Their research comes under four main areas: Increasing yields, Improving crop quality, Disease resistance, Genomic enabled technologies, and 100 trillion miracles.
The lab uses molecular genetic approaches to identify genes involved in wheat productivity traits and enhance the translation of this knowledge into improved varieties for industry and consumers.
They aim to understand the mechanisms by which these genes function in order to develop the most rational strategies to deploy these genes into commercial varieties.
Unlocking the polyploid potential of wheat through bioinformatics and genomics
Several developments over the past few months have radically changed the way we work with polyploid wheat. Both hexaploid and tetraploid wheat now have whole genome sequences and reliable gene models. We have developed in-silico mutant resources with over 95% of genes with either a knockout or deleterious allele in both tetraploid and hexaploid wheat. We recently published a comprehensive gene expression atlas in wheat with over 1000 RNA-Seq samples along with co-expression and transcription factor target networks. All this data is open-access and displayed at EnsemblPlants. Novel strategies have accelerated cloning of disease resistance and other genes. Using accelerated growth conditions (speed breeding), the community now routinely grows wheat in 10-week seed-to-seed cycles compared to the previous 16-20 weeks. All these developments have dramatically lowered the barriers to undertake biological research in polyploid wheat. For many purposes, wheat can now be treated (almost) like a model crop species.

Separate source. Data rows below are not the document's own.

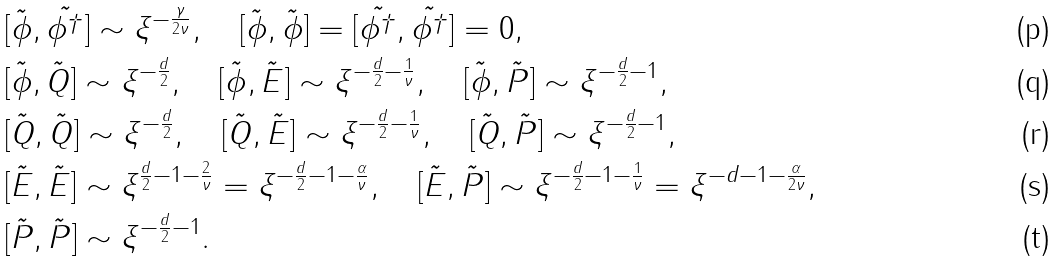<formula> <loc_0><loc_0><loc_500><loc_500>& [ \tilde { \phi } , \tilde { \phi ^ { \dagger } } ] \sim \xi ^ { - \frac { \gamma } { 2 \nu } } , \quad [ \tilde { \phi } , \tilde { \phi } ] = [ \tilde { \phi ^ { \dagger } } , \tilde { \phi ^ { \dagger } } ] = 0 , \\ & [ \tilde { \phi } , \tilde { Q } ] \sim \xi ^ { - \frac { d } { 2 } } , \quad [ \tilde { \phi } , \tilde { E } ] \sim \xi ^ { - \frac { d } { 2 } - \frac { 1 } { \nu } } , \quad [ \tilde { \phi } , \tilde { P } ] \sim \xi ^ { - \frac { d } { 2 } - 1 } , \\ & [ \tilde { Q } , \tilde { Q } ] \sim \xi ^ { - \frac { d } { 2 } } , \quad [ \tilde { Q } , \tilde { E } ] \sim \xi ^ { - \frac { d } { 2 } - \frac { 1 } { \nu } } , \quad [ \tilde { Q } , \tilde { P } ] \sim \xi ^ { - \frac { d } { 2 } - 1 } , \\ & [ \tilde { E } , \tilde { E } ] \sim \xi ^ { \frac { d } { 2 } - 1 - \frac { 2 } { \nu } } = \xi ^ { - \frac { d } { 2 } - 1 - \frac { \alpha } { \nu } } , \quad [ \tilde { E } , \tilde { P } ] \sim \xi ^ { - \frac { d } { 2 } - 1 - \frac { 1 } { \nu } } = \xi ^ { - d - 1 - \frac { \alpha } { 2 \nu } } , \\ & [ \tilde { P } , \tilde { P } ] \sim \xi ^ { - \frac { d } { 2 } - 1 } .</formula> 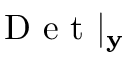<formula> <loc_0><loc_0><loc_500><loc_500>D e t | _ { y }</formula> 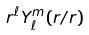<formula> <loc_0><loc_0><loc_500><loc_500>r ^ { \ell } Y _ { \ell } ^ { m } ( r / r )</formula>

The next phase will be to start understanding the biological mechanisms underlying the most important traits in polyploid wheat and to design strategies to ensure this knowledge is quickly transferred to the field. I argue that given polyploidy, breeders have exploited only a fraction of the potential genetic variation in the wheat genome. The recent breakthroughs in wheat genomics now allow us to make a decisive effort towards exploiting this under-utilised variation, thereby unleashing the full potential of the wheat genome.